**Given entries:**
== Segment start ==

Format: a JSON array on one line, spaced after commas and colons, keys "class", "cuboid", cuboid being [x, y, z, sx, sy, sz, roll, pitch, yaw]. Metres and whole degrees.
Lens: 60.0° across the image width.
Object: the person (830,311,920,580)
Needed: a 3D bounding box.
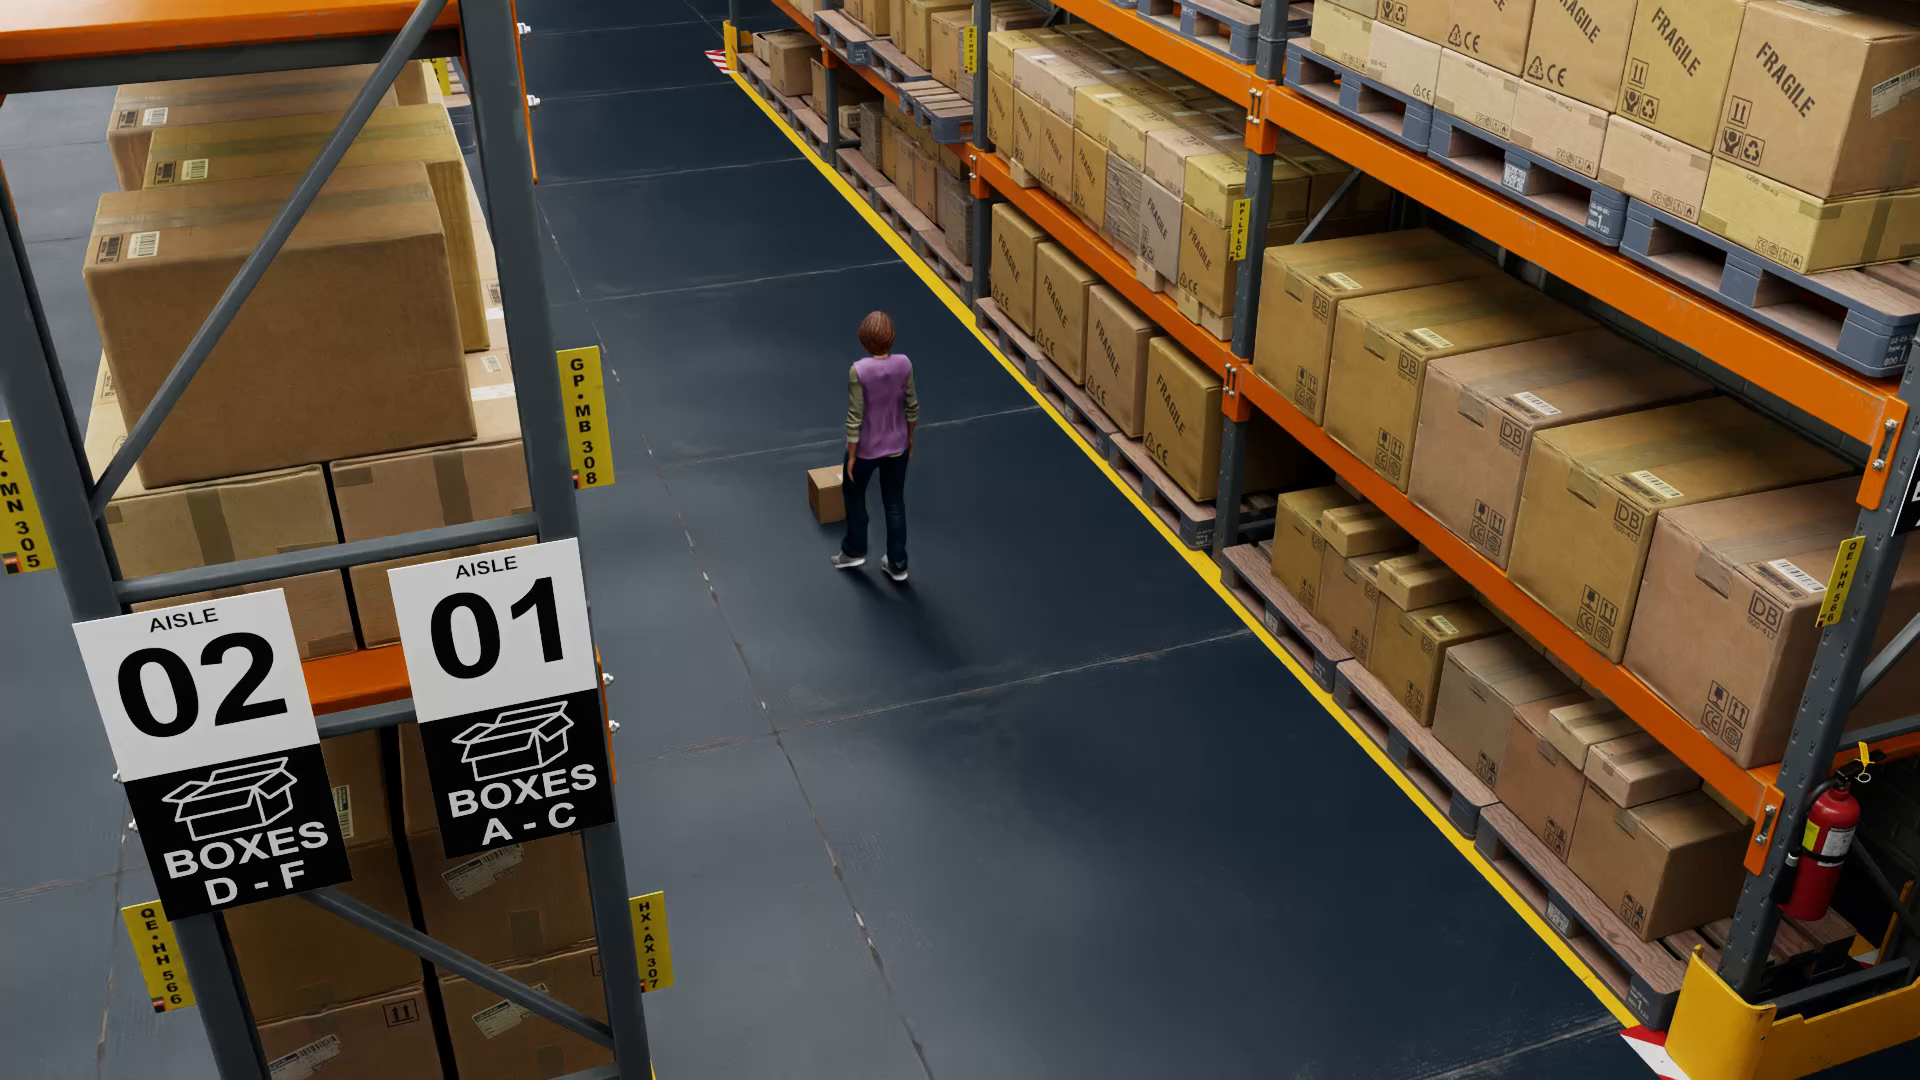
[{"class": "person", "cuboid": [-0.468, -0.506, 9.213, 0.450, 1.628, 0.493, -14, 33, -22]}]

== Segment end ==

**Problem statement:** Give back every record above word for word, dropping pictures.

**Response below:**
Format: a JSON array on one line, spaced after commas and colons, keys "class", "cuboid", cuboid being [x, y, z, sx, sy, sz, roll, pitch, yaw]. Metres and whole degrees.
Lens: 60.0° across the image width.
Object: the person (830,311,920,580)
Needed: a 3D bounding box.
[{"class": "person", "cuboid": [-0.468, -0.506, 9.213, 0.450, 1.628, 0.493, -14, 33, -22]}]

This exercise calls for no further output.